Regionalized PCC and NMI on simulated data. Simulated images are 512 × 512 pixels with 500 red and 500 green 11 × 11 pixel square-shaped cells. The red cell locations are chosen from a Gaussian distribution centered at the location of green cells with SD (σ), which ranges from 0 to 10 and u. u indicates that the cells are placed uniformly at random within the images and with uniform random color intensity. (A) NMI calculated on simulated images with regions of sizes 6 μm × 6 μm (blue), 18 μm × 18 μm (green), 30 μm × 30 μm (red), and single pixels (1.2 μm × 1.2 μm, cyan). (B) PCC of simulated images using the same regions.

Figure 5

(A) Sample images of T:DC (T cells labeled in red and DCs labeled in green), T:FRC (T cells labeled in red and FRCs labeled in green), and T:BV (T cells labeled in green and blood vessel labeled in red). (B,C) Line plots representing the NMI (B) and PCC (C) of T cells and DCs (T:DC, green line), T cells and FRCs (T:FRC, blue dashed line), and T cells and blood vessel (T:BV, black dotted line).
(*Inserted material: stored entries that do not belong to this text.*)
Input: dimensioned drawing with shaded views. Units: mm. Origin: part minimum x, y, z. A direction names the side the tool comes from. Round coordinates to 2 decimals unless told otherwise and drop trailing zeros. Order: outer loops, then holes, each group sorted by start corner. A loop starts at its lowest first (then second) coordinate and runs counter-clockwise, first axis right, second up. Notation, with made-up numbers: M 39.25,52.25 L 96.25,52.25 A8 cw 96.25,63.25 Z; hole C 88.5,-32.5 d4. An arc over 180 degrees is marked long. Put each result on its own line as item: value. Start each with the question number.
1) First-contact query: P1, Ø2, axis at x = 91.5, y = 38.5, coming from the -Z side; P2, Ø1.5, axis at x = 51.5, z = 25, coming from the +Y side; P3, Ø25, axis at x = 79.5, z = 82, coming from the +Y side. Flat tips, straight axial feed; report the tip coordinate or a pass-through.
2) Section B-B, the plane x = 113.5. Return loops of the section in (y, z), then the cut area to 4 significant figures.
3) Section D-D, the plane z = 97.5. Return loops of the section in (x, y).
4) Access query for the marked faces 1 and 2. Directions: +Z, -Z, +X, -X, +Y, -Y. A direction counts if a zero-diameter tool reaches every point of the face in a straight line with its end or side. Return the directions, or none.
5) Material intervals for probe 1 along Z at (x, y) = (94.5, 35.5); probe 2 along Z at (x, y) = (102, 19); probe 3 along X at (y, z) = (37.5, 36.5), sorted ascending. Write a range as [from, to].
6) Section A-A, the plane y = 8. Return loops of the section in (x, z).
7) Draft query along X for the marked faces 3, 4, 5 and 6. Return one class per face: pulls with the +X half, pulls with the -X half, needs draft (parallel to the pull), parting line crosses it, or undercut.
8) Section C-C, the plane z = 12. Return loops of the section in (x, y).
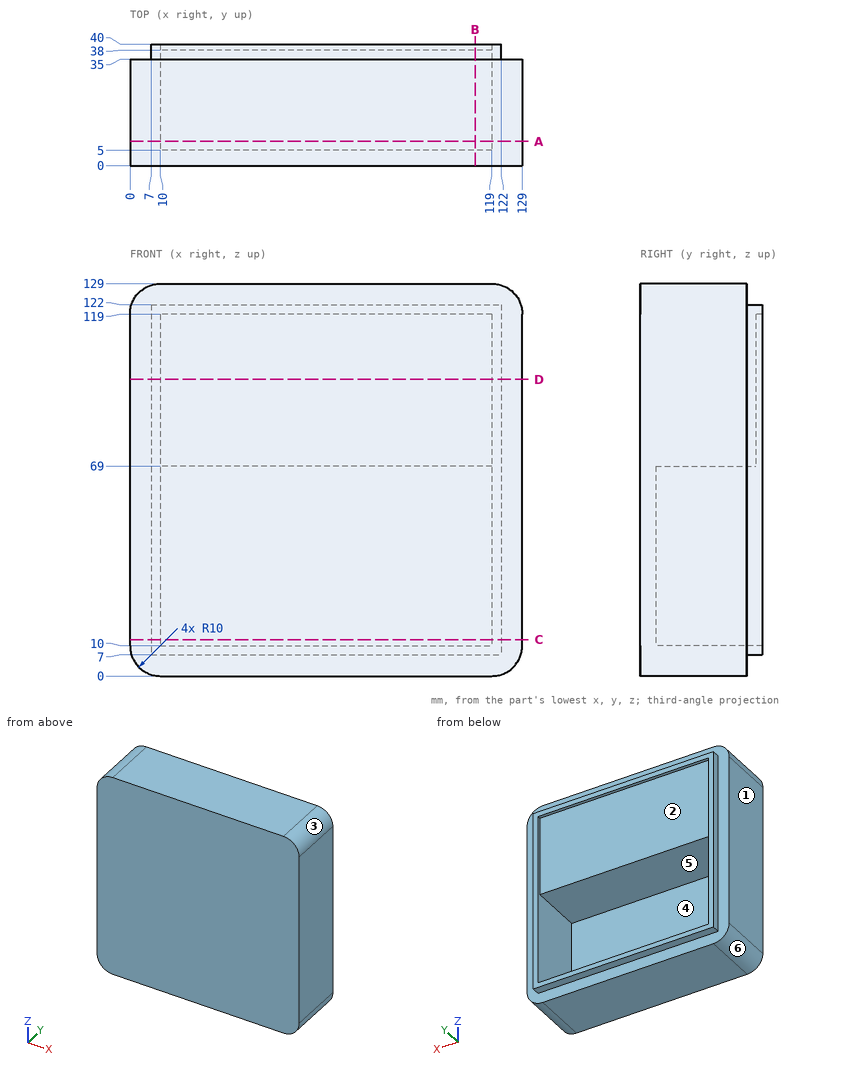
Result sheet:
1. P1: stops at z = 7
1. P2: stops at y = 5
1. P3: stops at y = 38
2. outline: M 0,0 L 35,0 L 35,7 L 40,7 L 40,10 L 5,10 L 5,69 L 38,69 L 38,119 L 40,119 L 40,122 L 35,122 L 35,129 L 0,129 Z
2. area: 2,925 mm2
3. outline: M 0,0 L 129,0 L 129,35 L 122,35 L 122,40 L 119,40 L 119,38 L 10,38 L 10,40 L 7,40 L 7,35 L 0,35 Z
4. face 1: +Z, -Z, -X, +Y, -Y
4. face 2: +Y
5. probe 1: z = [7, 10], [69, 122]
5. probe 2: z = [0, 10], [69, 129]
5. probe 3: x = [7, 10], [119, 122]
6. outline: M 0,10 A10 ccw 10,0 L 119,0 A10 ccw 129,10 L 129,119 A10 ccw 119,129 L 10,129 A10 ccw 0,119 Z; hole M 10,10 L 119,10 L 119,69 L 10,69 Z
7. face 3: pulls with the +X half
7. face 4: undercut
7. face 5: undercut
7. face 6: pulls with the -X half
8. outline: M 0,0 L 129,0 L 129,35 L 122,35 L 122,40 L 119,40 L 119,5 L 10,5 L 10,40 L 7,40 L 7,35 L 0,35 Z
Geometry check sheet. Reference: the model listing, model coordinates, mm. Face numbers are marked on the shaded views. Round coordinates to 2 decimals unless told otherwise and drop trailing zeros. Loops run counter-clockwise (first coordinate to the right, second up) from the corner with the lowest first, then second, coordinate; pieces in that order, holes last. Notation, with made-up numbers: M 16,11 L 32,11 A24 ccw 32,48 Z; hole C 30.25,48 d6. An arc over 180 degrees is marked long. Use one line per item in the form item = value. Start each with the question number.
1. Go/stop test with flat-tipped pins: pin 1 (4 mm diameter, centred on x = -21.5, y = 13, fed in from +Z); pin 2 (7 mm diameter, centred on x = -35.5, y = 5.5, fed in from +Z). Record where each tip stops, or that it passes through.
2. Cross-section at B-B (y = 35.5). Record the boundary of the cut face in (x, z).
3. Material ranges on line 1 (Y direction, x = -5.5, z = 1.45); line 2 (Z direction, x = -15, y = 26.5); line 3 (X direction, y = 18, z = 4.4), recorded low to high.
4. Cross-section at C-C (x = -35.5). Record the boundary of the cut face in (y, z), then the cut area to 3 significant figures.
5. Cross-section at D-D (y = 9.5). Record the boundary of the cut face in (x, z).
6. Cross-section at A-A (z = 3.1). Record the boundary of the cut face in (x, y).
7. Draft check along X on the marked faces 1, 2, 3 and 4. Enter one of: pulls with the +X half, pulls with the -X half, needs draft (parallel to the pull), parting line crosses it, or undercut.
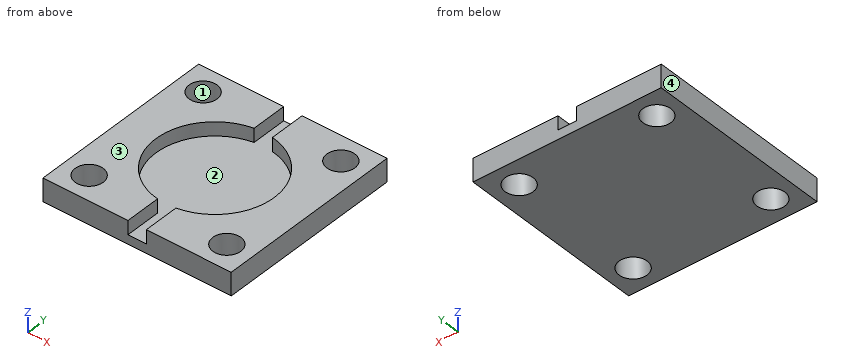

NMI and PCC were calculated on pixels (region length = 1.2 μm), or regionalized images of increasing side length (6, 18, and 30 μm). Red stars indicate medians for the corresponding region size, and error bars indicate the 95% confidence interval around the median (40). For NMI, Mann–Whitney p values for T:DC–T:FRC, T:DC–T:BV, and T:FRC-T:BV comparisons < e−4 for all region lengths except T:DC–T:BV (region length = 18 μm) p value = 0.0012. For PCC, Mann–Whitney p values for T:DC–T:FRC, T:DC–T:BV, and T:FRC-T:BV comparisons < e−4 for all region lengths except T:DC–T:BV (region length = 1.2 μm) p value = 0.0293. (D,E) Notched box plots comparing the NMI (D) and PCC (E) of T cells and DCs with T cells and FRCs at physiologically relevant region lengths of (6, 18, and 30 μm) for T:DC associations and 6 μm for T:FRC associations. Note different scales on the y-axis. Both NMI and PCC are greater for the physiologically relevant region sizes for T:FRC than for T:DC (comparing T:DC at 30 μm to T:FRC at 6 μm p = 0.0022; for all other comparisons p < e–4). T:DC images were from 6 image z-stacks consisting of 4,089 frames from 2 mice and 4 lymph nodes. T:FRC images were from 12 image z-stacks consisting of 9,468 frames from 3 mice and 6 lymph nodes. T:BV images were from 4 image z-stacks consisting of 4,361 frames from 2 mice and 3 lymph nodes.

Figure 6

(A) Sample images of WT T:DC and CCR7^−/− T:DC. T cells are labeled in red and DCs are labeled in green. In WT T:DC, T cells are wild-type naïve T cells and in CCR7^−/− T:DC, T cells are from CCR7-deficient animals. (B,C) Line plots representing the NMI (B) and PCC (C) of WT T cells and DCs (T(WT):DC, green line) and CCR7^−/− T cells and DCs (T(CCR7^−/−):DC, blue dashed line). NMI and PCC were calculated on pixels (region length = 1.2 μm), or regionalized images of increasing side length (6, 18, and 30 μm). Red stars indicate medians for the corresponding region size, and error bars indicate the 95% confidence interval around the median (40). For NMI, Mann–Whitney p values for T(WT):DC–T(CCR7^−/−):DC comparisons < e−4 for all region lengths. For PCC Mann–Whitney p values for T(WT):DC–T(CCR7^−/−):DC comparisons for region lengths 1.2, 6, 18, and 30 μm: Region length 1.2 μm p < e−4, 6 μm p = 0.9152, 18 μm p = 0.0021, 30 μm p < e−4. WT T:DC images were from 6 image z-stacks consisting of 4,089 frames using 2 mice and 4 lymph nodes. CCR7^−/− data are from 12 image z-stacks consisting of 11,294 frames using 4 mice and 8 lymph nodes.